WHAT YOU HAVE TO DO — Using the records below, write out the line with "This picture is 683" and each line after it through the final one, exactly, and only those.

MATERIAL PROVIDED —
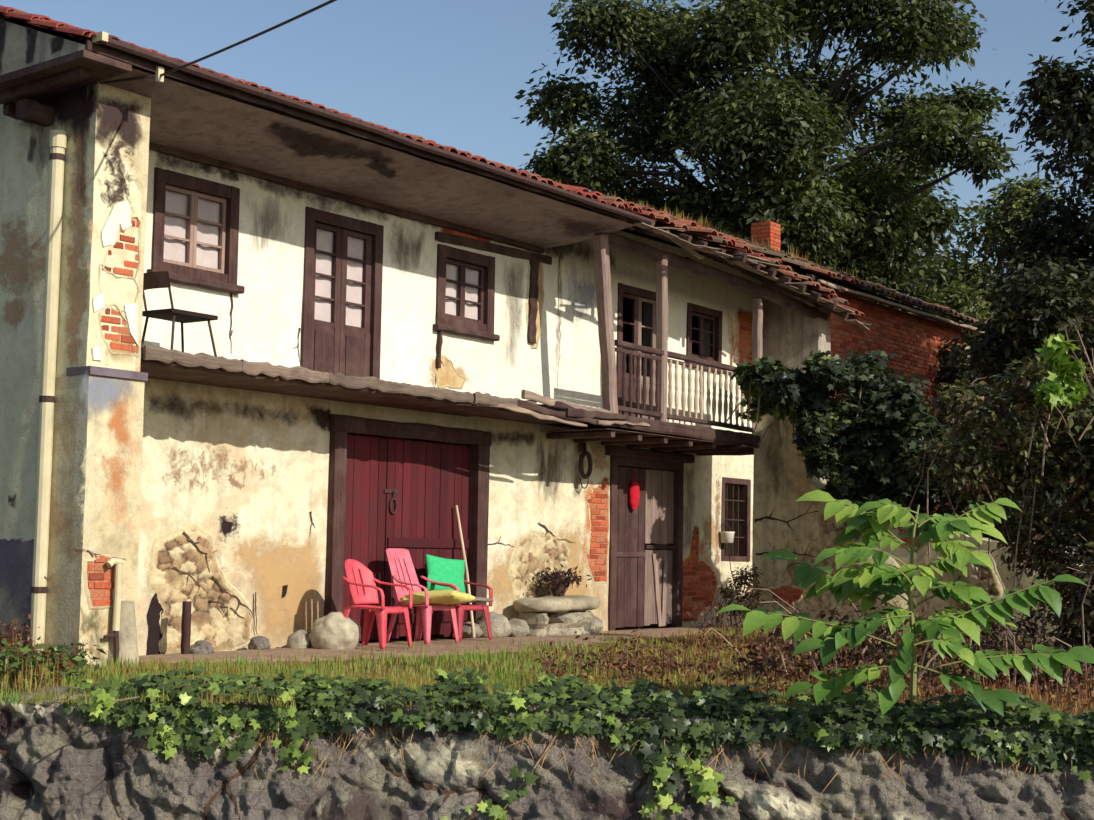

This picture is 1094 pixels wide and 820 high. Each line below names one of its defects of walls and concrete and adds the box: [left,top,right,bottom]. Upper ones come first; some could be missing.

damp [36,85,141,206]
damp [270,123,395,178]
flaking render [89,200,141,361]
flaking render [737,308,752,366]
peeling [435,354,466,389]
flaking render [559,476,610,595]
flaking render [682,481,720,623]
crack [754,508,831,560]
flaking render [83,554,115,610]
flaking render [768,583,807,604]
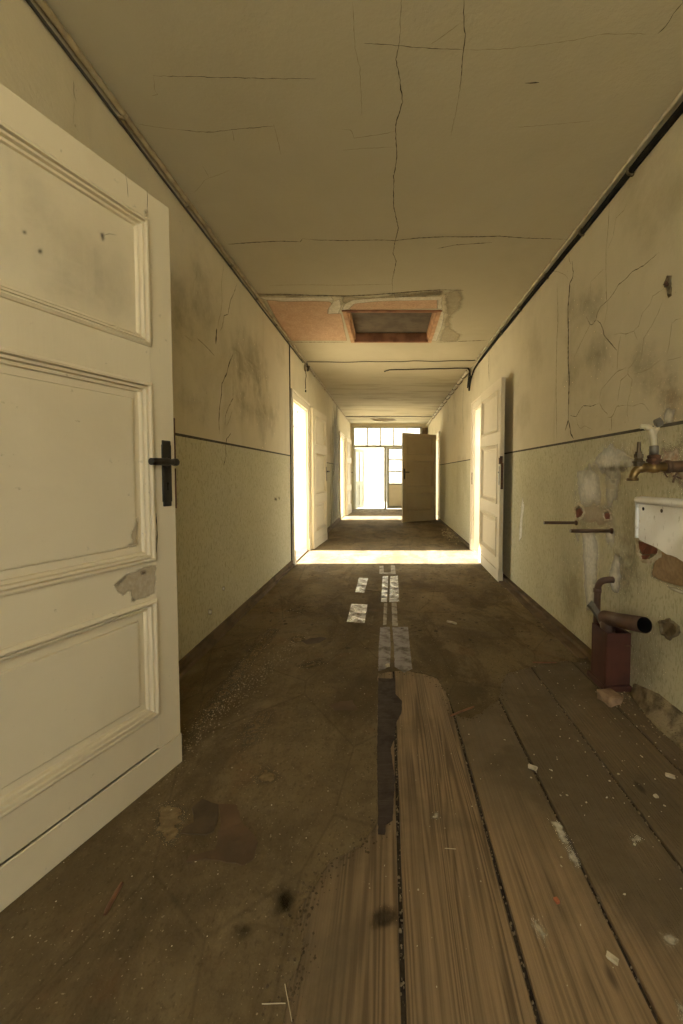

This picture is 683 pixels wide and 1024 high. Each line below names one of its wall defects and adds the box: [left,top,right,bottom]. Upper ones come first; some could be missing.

crack [153,75,308,96]
crack [266,5,681,296]
flaking render [267,300,437,341]
crack [187,239,365,463]
crack [553,253,677,439]
leakage [579,449,631,504]
peeling [115,566,155,601]
leakage [610,558,620,591]
flaking render [635,538,683,587]

RESPONSE FOR THIS EXERCISE —
This picture is 683 pixels wide and 1024 high. Each line below names one of its wall defects and adds the box: [left,top,right,bottom]. Upper ones come first; some could be missing.

crack [153,75,308,96]
crack [266,5,681,296]
flaking render [267,300,437,341]
crack [187,239,365,463]
crack [553,253,677,439]
leakage [579,449,631,504]
peeling [115,566,155,601]
leakage [610,558,620,591]
flaking render [635,538,683,587]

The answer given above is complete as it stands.